» **Goal of the exercise**
From the entries below, please output exactly the lines starting at the one containing "Give a very brief answer. No." and ending at the one containing "Provide a succinct", both included.

» **Information supplied**
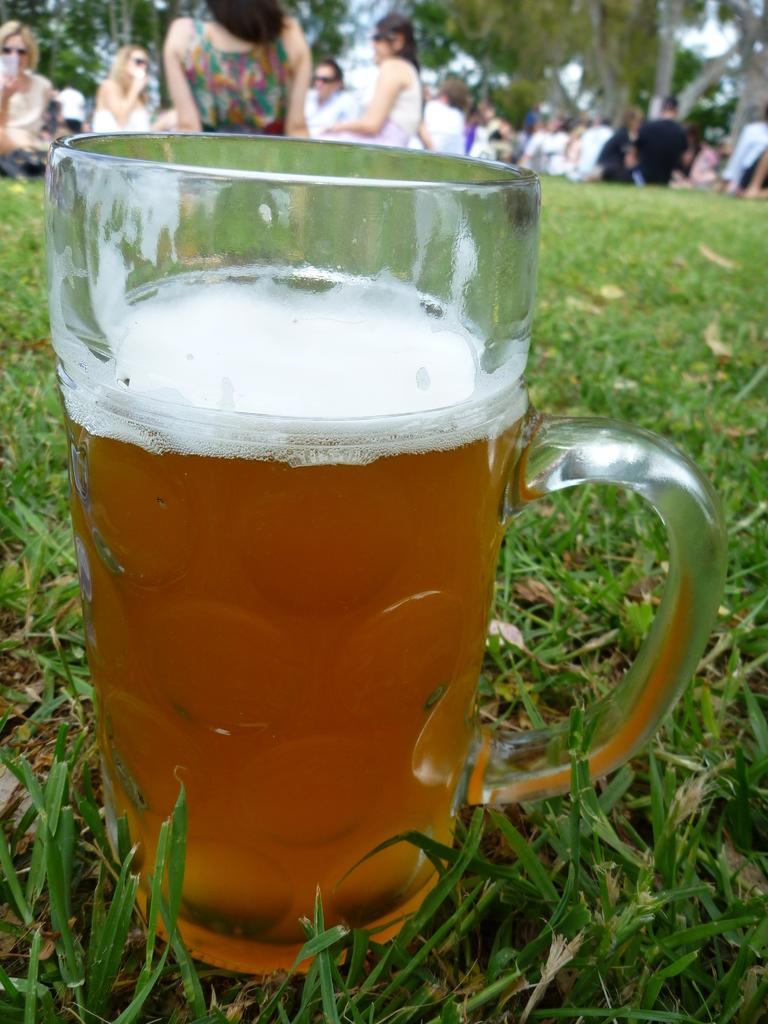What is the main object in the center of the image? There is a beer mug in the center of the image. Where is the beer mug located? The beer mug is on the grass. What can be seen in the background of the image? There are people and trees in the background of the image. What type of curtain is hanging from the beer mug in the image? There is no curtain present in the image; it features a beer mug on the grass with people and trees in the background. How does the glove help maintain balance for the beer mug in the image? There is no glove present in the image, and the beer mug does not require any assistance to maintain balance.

--

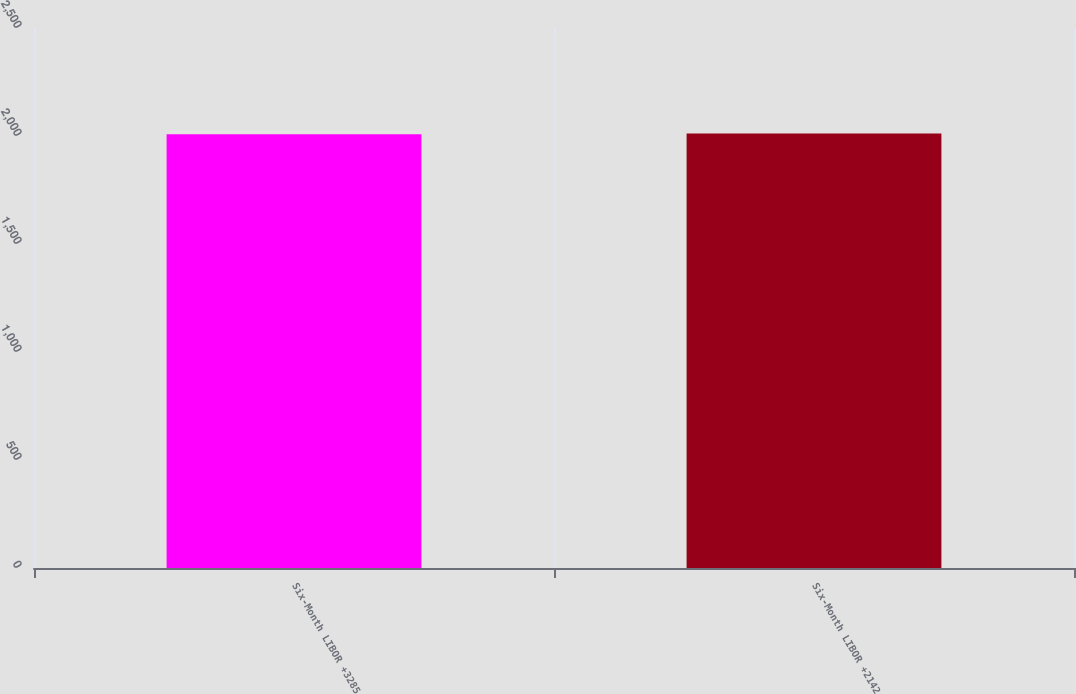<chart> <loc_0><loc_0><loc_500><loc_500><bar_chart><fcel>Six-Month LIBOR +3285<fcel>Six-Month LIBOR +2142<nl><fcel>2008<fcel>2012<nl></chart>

==

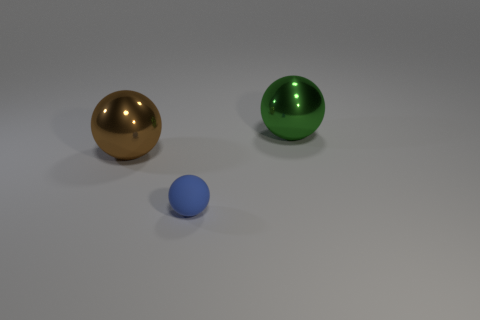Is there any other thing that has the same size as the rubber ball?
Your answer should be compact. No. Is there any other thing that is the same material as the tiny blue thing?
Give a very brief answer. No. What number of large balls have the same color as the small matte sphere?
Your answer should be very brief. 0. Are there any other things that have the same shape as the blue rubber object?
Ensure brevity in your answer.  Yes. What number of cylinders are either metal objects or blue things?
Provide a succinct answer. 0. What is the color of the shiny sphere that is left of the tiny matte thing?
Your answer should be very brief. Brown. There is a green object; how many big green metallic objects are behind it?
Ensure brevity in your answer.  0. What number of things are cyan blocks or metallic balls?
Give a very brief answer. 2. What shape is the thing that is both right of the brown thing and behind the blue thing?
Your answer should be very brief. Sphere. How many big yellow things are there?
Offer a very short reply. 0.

» **Written solution**
Give a very brief answer. No. What number of large balls have the same color as the small matte sphere?
Your answer should be very brief. 0. Are there any other things that have the same shape as the blue rubber object?
Ensure brevity in your answer.  Yes. What number of cylinders are either metal objects or blue things?
Provide a succinct answer. 0. What is the color of the shiny sphere that is left of the tiny matte thing?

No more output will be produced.